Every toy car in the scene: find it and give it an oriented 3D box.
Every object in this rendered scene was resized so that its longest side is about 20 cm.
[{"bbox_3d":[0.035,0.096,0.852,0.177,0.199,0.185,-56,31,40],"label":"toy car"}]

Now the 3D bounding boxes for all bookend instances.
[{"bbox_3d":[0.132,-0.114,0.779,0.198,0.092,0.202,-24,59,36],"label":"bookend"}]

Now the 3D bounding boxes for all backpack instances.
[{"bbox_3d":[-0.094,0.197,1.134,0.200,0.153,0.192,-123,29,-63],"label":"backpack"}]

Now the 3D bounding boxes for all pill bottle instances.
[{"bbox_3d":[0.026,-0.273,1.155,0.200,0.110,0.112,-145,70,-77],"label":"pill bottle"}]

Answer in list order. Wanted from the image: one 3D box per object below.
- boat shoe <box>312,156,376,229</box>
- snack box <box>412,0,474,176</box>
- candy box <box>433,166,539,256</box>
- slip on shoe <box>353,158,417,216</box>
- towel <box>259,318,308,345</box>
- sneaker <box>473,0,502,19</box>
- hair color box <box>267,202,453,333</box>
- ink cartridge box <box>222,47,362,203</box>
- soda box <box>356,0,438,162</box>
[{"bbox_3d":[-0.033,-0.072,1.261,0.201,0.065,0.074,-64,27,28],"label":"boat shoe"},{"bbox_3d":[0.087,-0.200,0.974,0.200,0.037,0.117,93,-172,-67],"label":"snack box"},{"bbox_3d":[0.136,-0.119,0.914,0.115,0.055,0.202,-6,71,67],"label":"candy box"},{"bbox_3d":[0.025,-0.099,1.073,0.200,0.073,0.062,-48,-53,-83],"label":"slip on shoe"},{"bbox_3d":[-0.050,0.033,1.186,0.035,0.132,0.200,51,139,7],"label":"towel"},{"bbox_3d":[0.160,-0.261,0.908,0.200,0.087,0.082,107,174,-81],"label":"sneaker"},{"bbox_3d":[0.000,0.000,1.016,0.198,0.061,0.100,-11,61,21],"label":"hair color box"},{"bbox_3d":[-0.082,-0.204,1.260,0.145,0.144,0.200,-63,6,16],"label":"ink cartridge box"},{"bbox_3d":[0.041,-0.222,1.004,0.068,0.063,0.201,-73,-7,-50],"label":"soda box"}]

* [Brief] The output should match the records above exactly, line for line.

* [Final answer]
Every toy car in the scene: find it and give it an oriented 3D box.
Every object in this rendered scene was resized so that its longest side is about 20 cm.
[{"bbox_3d":[0.035,0.096,0.852,0.177,0.199,0.185,-56,31,40],"label":"toy car"}]

Now the 3D bounding boxes for all bookend instances.
[{"bbox_3d":[0.132,-0.114,0.779,0.198,0.092,0.202,-24,59,36],"label":"bookend"}]

Now the 3D bounding boxes for all backpack instances.
[{"bbox_3d":[-0.094,0.197,1.134,0.200,0.153,0.192,-123,29,-63],"label":"backpack"}]

Now the 3D bounding boxes for all pill bottle instances.
[{"bbox_3d":[0.026,-0.273,1.155,0.200,0.110,0.112,-145,70,-77],"label":"pill bottle"}]

Answer in list order. Wanted from the image: one 3D box per object below.
- boat shoe <box>312,156,376,229</box>
- snack box <box>412,0,474,176</box>
- candy box <box>433,166,539,256</box>
- slip on shoe <box>353,158,417,216</box>
- towel <box>259,318,308,345</box>
- sneaker <box>473,0,502,19</box>
- hair color box <box>267,202,453,333</box>
- ink cartridge box <box>222,47,362,203</box>
- soda box <box>356,0,438,162</box>
[{"bbox_3d":[-0.033,-0.072,1.261,0.201,0.065,0.074,-64,27,28],"label":"boat shoe"},{"bbox_3d":[0.087,-0.200,0.974,0.200,0.037,0.117,93,-172,-67],"label":"snack box"},{"bbox_3d":[0.136,-0.119,0.914,0.115,0.055,0.202,-6,71,67],"label":"candy box"},{"bbox_3d":[0.025,-0.099,1.073,0.200,0.073,0.062,-48,-53,-83],"label":"slip on shoe"},{"bbox_3d":[-0.050,0.033,1.186,0.035,0.132,0.200,51,139,7],"label":"towel"},{"bbox_3d":[0.160,-0.261,0.908,0.200,0.087,0.082,107,174,-81],"label":"sneaker"},{"bbox_3d":[0.000,0.000,1.016,0.198,0.061,0.100,-11,61,21],"label":"hair color box"},{"bbox_3d":[-0.082,-0.204,1.260,0.145,0.144,0.200,-63,6,16],"label":"ink cartridge box"},{"bbox_3d":[0.041,-0.222,1.004,0.068,0.063,0.201,-73,-7,-50],"label":"soda box"}]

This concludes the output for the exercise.